2. Trépan selon la revendication 1, caractérisé en ce que ledit passage de retour débouche
dudit corps au niveau d'un orifice qui s'étend dans un plan sensiblement normal à
un axe central parallèle à ladite colonne de forage tubulaire.
3. Trépan selon la revendication 1, caractérisé en ce que ledit passage de retour communique
avec au moins un autre passage en dérivation avec la portion de diamètre plein du
corps, de telle sorte que cette partie au moins du fluide ressort dudit corps par
une pluralité d'orifices.
4. Trépan selon la revendication 1, caractérisé en ce que ledit passage de retour débouche
dudit corps au niveau d'un orifice qui s'étend dans un plan dont un axe forme un angle
non perpendiculaire avec un axe central dudit corps
5. Trépan selon la revendication 1, caractérisé en ce que l'écoulement de déblais à travers
ledit passage de retour est assisté par l'injection de boue de forage via au moins
une buse qui communique avec une source de boue de forage et le passage de retour
et dont la trajectoire est identique à celle du passage de retour.

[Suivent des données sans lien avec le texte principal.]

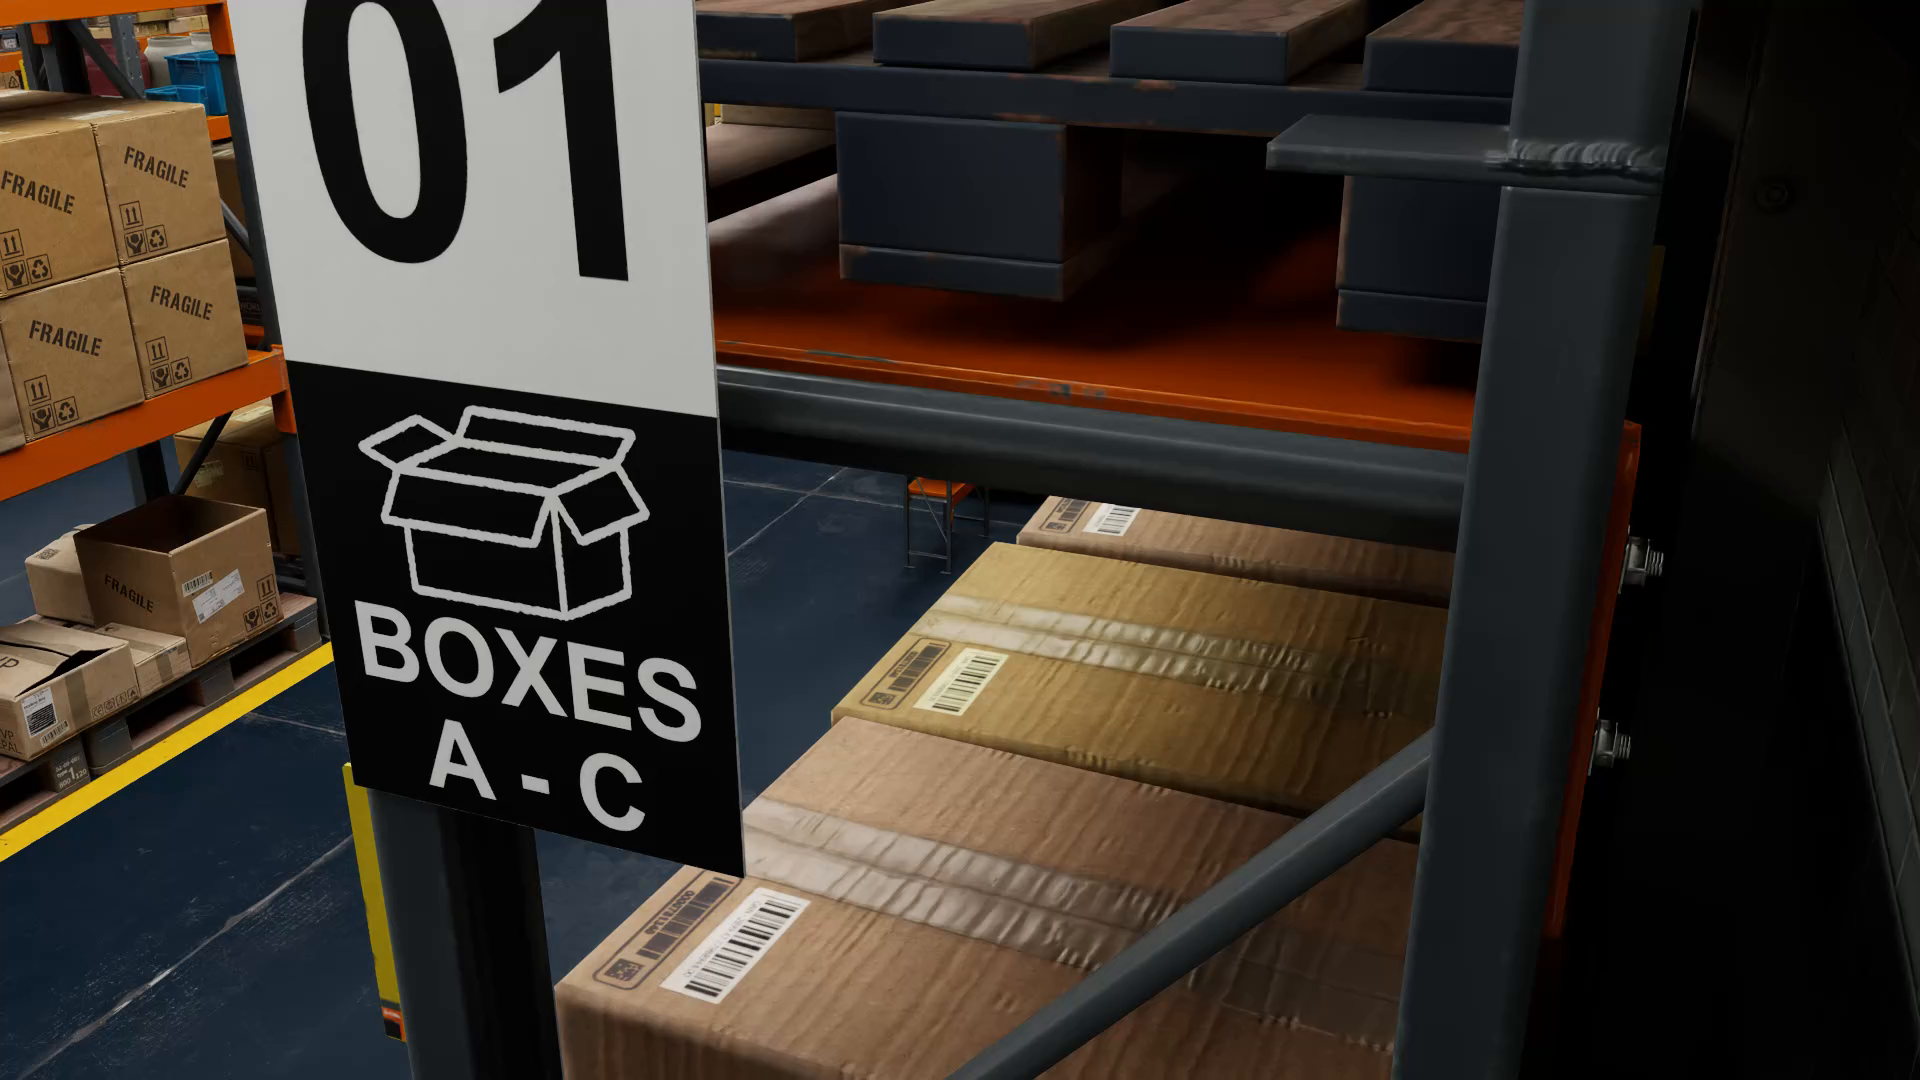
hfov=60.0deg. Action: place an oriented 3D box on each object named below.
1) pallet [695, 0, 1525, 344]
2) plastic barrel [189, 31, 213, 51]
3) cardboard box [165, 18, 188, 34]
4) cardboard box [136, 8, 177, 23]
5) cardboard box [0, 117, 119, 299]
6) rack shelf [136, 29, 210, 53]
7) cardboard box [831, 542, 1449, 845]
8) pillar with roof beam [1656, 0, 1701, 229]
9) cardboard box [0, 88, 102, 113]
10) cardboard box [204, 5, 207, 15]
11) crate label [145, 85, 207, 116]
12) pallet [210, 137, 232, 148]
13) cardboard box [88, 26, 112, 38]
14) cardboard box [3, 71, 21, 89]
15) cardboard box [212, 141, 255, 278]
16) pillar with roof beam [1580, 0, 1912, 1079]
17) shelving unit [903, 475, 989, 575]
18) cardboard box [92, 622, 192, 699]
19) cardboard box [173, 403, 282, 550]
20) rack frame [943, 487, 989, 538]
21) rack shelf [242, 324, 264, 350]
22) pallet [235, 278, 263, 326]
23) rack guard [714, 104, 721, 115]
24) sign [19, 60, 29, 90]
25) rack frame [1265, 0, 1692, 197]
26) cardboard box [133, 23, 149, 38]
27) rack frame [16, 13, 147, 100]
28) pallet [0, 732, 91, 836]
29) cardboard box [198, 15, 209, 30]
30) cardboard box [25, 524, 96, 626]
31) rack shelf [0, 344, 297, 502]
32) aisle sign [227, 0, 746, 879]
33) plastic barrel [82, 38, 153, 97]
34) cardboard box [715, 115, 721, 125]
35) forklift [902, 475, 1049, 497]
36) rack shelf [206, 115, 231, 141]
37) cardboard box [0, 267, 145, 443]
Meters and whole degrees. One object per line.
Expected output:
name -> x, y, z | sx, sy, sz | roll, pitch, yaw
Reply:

6. Trépan selon la revendication 3, caractérisé en ce que l'écoulement de déblais à travers
le ou lesdits autres passages est assisté par l'injection de boue de forage via une
buse qui communique avec une source de boue de forage et ledit autre passage de retour
et dont la trajectoire est identique à celle dudit autre passage.

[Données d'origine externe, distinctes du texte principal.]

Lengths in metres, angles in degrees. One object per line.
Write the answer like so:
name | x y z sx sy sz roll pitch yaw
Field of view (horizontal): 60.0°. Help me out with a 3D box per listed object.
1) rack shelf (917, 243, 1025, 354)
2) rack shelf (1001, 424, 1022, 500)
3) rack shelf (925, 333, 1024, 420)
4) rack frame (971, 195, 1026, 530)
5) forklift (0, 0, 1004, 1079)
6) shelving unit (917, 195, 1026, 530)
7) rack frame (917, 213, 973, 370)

7. Trépan selon la revendication 5 ou 6, caractérisé en ce que la ou lesdites buses sont
situées à proximité et au-dessus du sommet de la trajectoire de rotation desdits moyens
de coupe, la ou lesdites buses ayant une trajectoire identique à celle dudit passage
de retour.
8. Trépan selon la revendication 5 ou 6, caractérisé en ce que ladite ou lesdites buses
sont situées à proximité et au-dessus du sommet de la trajectoire de rotation desdits
moyens de coupe, ladite buse ayant une trajectoire sensiblement tangentielle à la
trajectoire de rotation desdits moyens de coupe.